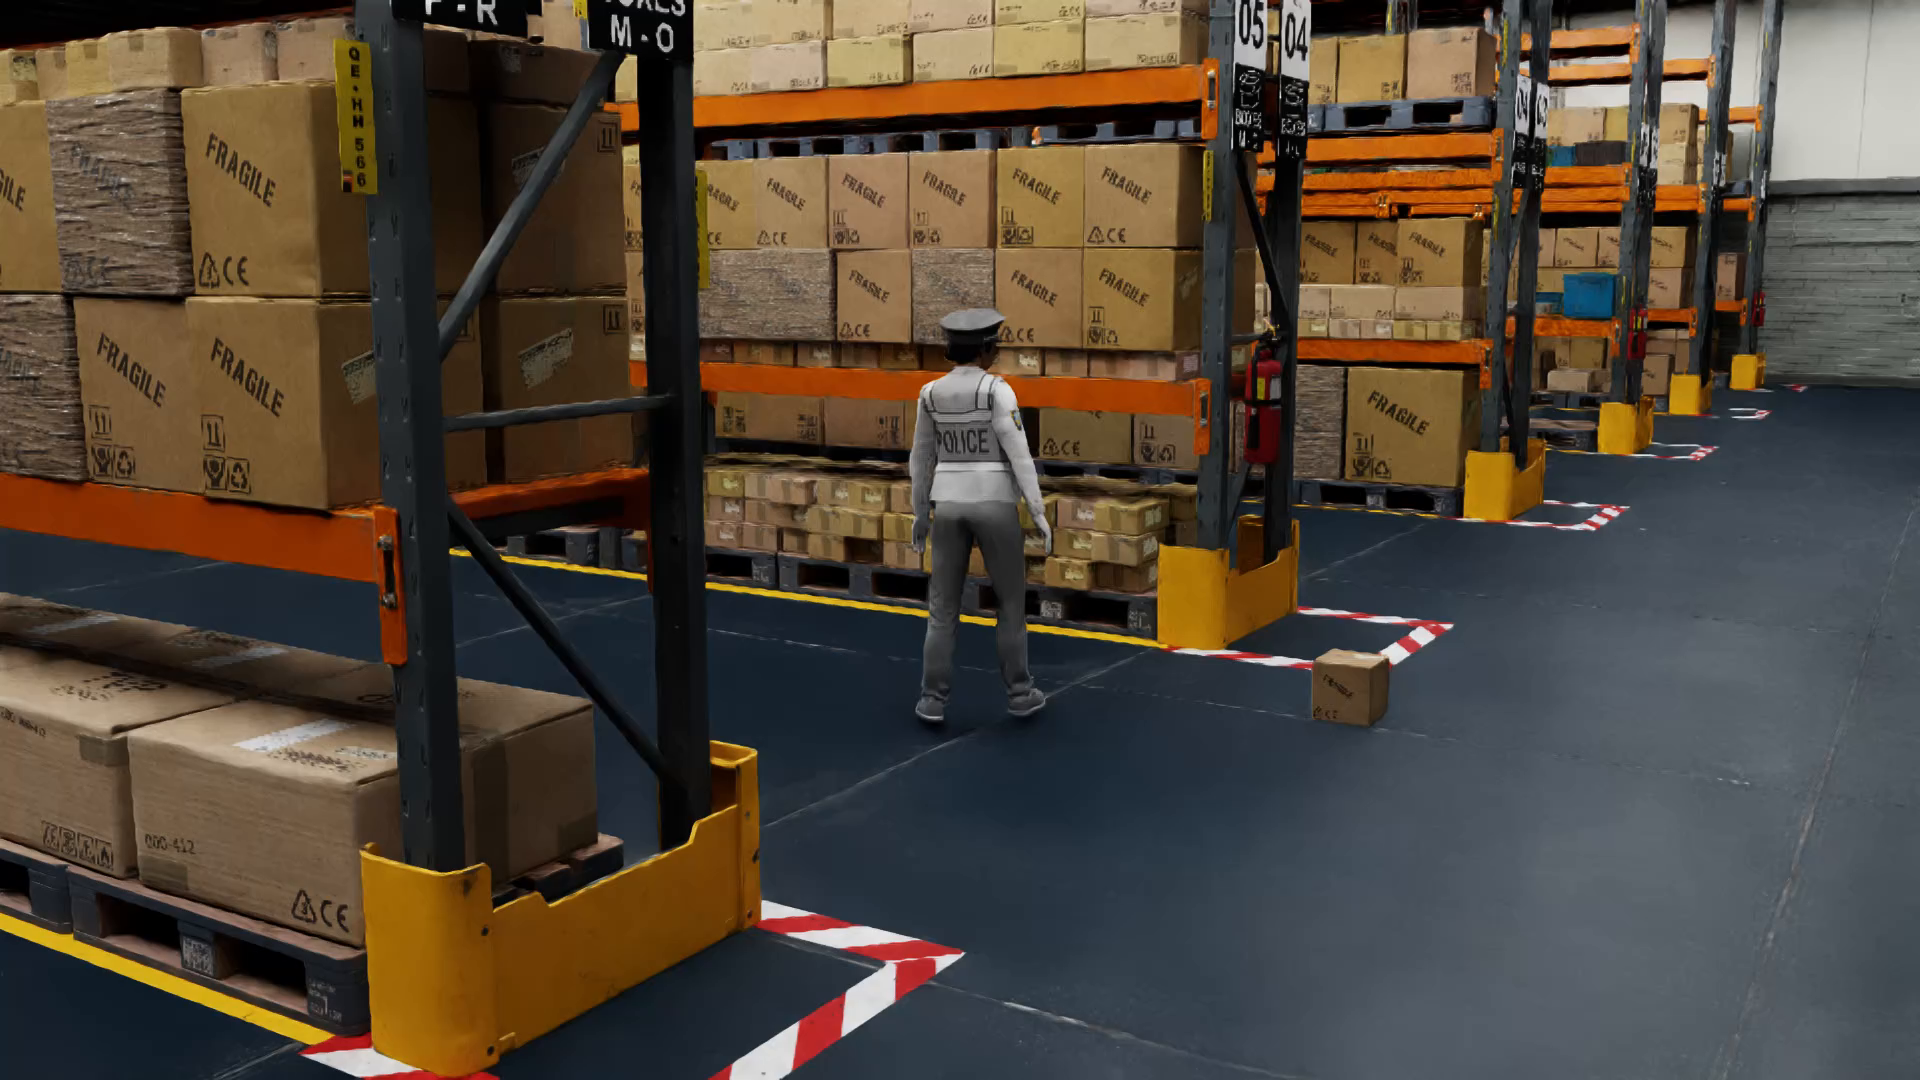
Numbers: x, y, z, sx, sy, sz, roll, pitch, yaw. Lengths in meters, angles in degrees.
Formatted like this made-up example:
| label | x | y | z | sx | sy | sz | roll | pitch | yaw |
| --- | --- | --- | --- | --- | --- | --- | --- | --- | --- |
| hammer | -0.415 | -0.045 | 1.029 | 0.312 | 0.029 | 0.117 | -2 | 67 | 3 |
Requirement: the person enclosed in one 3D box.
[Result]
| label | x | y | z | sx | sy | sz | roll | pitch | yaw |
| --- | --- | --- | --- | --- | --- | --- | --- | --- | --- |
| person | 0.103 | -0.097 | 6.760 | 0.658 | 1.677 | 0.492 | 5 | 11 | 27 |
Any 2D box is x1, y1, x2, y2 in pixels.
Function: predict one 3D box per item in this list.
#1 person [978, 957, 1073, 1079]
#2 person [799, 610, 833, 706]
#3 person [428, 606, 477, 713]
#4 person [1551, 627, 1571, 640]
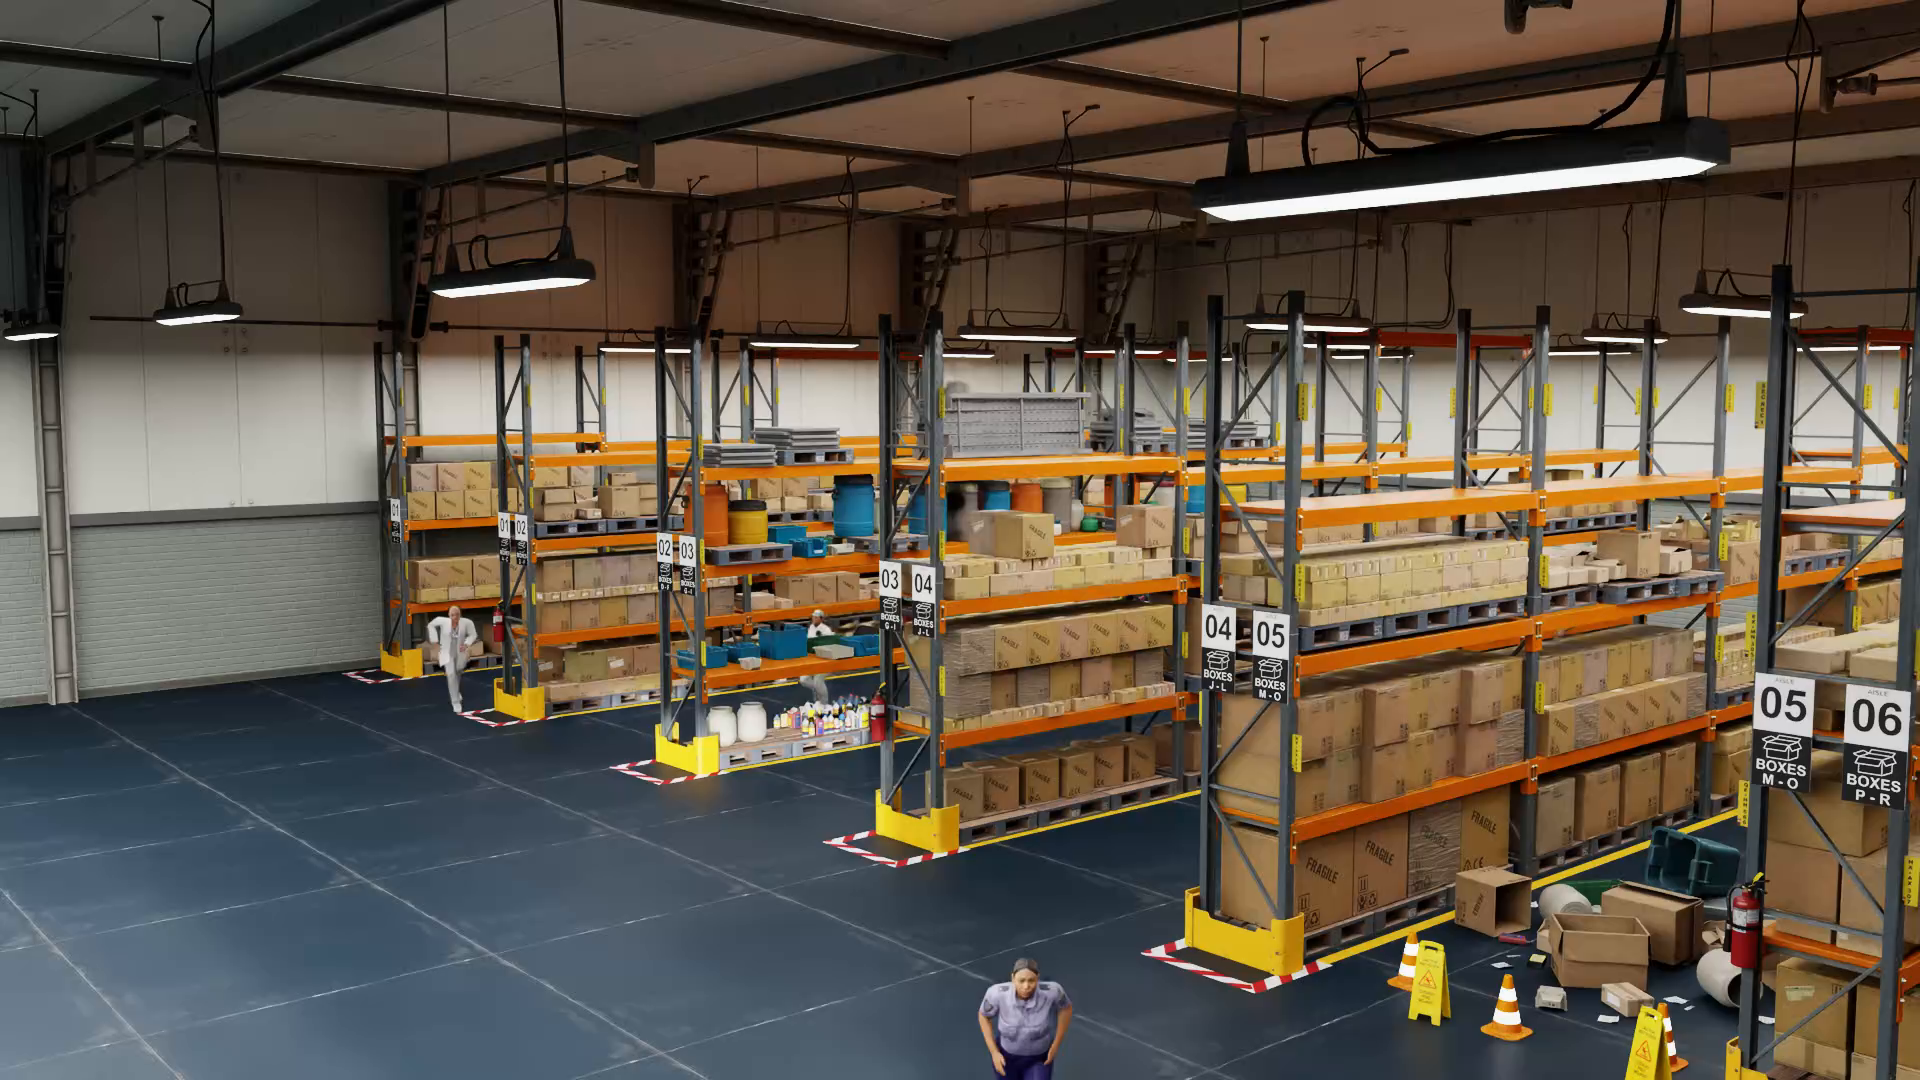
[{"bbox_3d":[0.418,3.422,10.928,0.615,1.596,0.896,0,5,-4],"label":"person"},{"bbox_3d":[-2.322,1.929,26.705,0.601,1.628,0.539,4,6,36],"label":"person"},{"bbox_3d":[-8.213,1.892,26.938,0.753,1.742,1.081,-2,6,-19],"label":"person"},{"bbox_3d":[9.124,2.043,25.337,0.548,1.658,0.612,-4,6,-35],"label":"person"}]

Exercise goal: Without any pictures, please write out the lines from the one containing "Any 2D box is x1, y1, x2, y2 in pixels." through the final line of the data, exactly and inclusive of both ends.

Answer to this problem:
Any 2D box is x1, y1, x2, y2 in pixels.
Function: predict one 3D box per item in this list.
#1 person [978, 957, 1073, 1079]
#2 person [799, 610, 833, 706]
#3 person [428, 606, 477, 713]
#4 person [1551, 627, 1571, 640]
[{"bbox_3d":[0.418,3.422,10.928,0.615,1.596,0.896,0,5,-4],"label":"person"},{"bbox_3d":[-2.322,1.929,26.705,0.601,1.628,0.539,4,6,36],"label":"person"},{"bbox_3d":[-8.213,1.892,26.938,0.753,1.742,1.081,-2,6,-19],"label":"person"},{"bbox_3d":[9.124,2.043,25.337,0.548,1.658,0.612,-4,6,-35],"label":"person"}]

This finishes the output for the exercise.